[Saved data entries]
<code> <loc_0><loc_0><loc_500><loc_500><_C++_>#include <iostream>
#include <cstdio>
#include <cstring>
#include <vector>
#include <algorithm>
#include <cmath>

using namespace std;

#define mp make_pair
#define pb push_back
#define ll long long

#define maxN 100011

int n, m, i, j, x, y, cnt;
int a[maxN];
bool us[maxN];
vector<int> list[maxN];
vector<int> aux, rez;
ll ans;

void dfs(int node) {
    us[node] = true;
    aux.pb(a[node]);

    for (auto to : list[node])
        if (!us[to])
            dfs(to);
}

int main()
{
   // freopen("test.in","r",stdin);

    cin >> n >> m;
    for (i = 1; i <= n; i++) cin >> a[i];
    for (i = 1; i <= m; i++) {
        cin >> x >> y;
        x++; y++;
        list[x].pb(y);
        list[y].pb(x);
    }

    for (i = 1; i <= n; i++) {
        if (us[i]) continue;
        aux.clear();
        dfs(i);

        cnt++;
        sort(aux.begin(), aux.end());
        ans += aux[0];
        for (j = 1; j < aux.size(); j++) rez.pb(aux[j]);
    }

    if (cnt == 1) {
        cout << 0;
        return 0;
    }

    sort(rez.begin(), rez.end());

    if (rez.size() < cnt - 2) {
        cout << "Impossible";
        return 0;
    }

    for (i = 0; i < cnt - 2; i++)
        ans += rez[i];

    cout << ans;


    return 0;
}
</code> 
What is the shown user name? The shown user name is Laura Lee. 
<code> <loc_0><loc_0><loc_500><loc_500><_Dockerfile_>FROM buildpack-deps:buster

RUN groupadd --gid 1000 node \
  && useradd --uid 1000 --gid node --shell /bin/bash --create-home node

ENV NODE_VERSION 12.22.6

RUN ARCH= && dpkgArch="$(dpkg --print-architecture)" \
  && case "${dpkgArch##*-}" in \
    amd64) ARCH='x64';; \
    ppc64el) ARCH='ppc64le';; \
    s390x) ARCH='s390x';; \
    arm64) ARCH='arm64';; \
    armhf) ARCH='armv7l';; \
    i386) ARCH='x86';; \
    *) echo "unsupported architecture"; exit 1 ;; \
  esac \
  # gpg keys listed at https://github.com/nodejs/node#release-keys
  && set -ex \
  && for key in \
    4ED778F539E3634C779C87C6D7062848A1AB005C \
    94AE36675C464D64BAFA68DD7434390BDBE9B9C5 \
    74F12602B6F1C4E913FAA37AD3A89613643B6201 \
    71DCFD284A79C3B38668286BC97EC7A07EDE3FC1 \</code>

WORK ITEM: Can you restate every record above word for word?

RESULT OF THIS TASK:
<code> <loc_0><loc_0><loc_500><loc_500><_C++_>#include <iostream>
#include <cstdio>
#include <cstring>
#include <vector>
#include <algorithm>
#include <cmath>

using namespace std;

#define mp make_pair
#define pb push_back
#define ll long long

#define maxN 100011

int n, m, i, j, x, y, cnt;
int a[maxN];
bool us[maxN];
vector<int> list[maxN];
vector<int> aux, rez;
ll ans;

void dfs(int node) {
    us[node] = true;
    aux.pb(a[node]);

    for (auto to : list[node])
        if (!us[to])
            dfs(to);
}

int main()
{
   // freopen("test.in","r",stdin);

    cin >> n >> m;
    for (i = 1; i <= n; i++) cin >> a[i];
    for (i = 1; i <= m; i++) {
        cin >> x >> y;
        x++; y++;
        list[x].pb(y);
        list[y].pb(x);
    }

    for (i = 1; i <= n; i++) {
        if (us[i]) continue;
        aux.clear();
        dfs(i);

        cnt++;
        sort(aux.begin(), aux.end());
        ans += aux[0];
        for (j = 1; j < aux.size(); j++) rez.pb(aux[j]);
    }

    if (cnt == 1) {
        cout << 0;
        return 0;
    }

    sort(rez.begin(), rez.end());

    if (rez.size() < cnt - 2) {
        cout << "Impossible";
        return 0;
    }

    for (i = 0; i < cnt - 2; i++)
        ans += rez[i];

    cout << ans;


    return 0;
}
</code> 
What is the shown user name? The shown user name is Laura Lee. 
<code> <loc_0><loc_0><loc_500><loc_500><_Dockerfile_>FROM buildpack-deps:buster

RUN groupadd --gid 1000 node \
  && useradd --uid 1000 --gid node --shell /bin/bash --create-home node

ENV NODE_VERSION 12.22.6

RUN ARCH= && dpkgArch="$(dpkg --print-architecture)" \
  && case "${dpkgArch##*-}" in \
    amd64) ARCH='x64';; \
    ppc64el) ARCH='ppc64le';; \
    s390x) ARCH='s390x';; \
    arm64) ARCH='arm64';; \
    armhf) ARCH='armv7l';; \
    i386) ARCH='x86';; \
    *) echo "unsupported architecture"; exit 1 ;; \
  esac \
  # gpg keys listed at https://github.com/nodejs/node#release-keys
  && set -ex \
  && for key in \
    4ED778F539E3634C779C87C6D7062848A1AB005C \
    94AE36675C464D64BAFA68DD7434390BDBE9B9C5 \
    74F12602B6F1C4E913FAA37AD3A89613643B6201 \
    71DCFD284A79C3B38668286BC97EC7A07EDE3FC1 \</code>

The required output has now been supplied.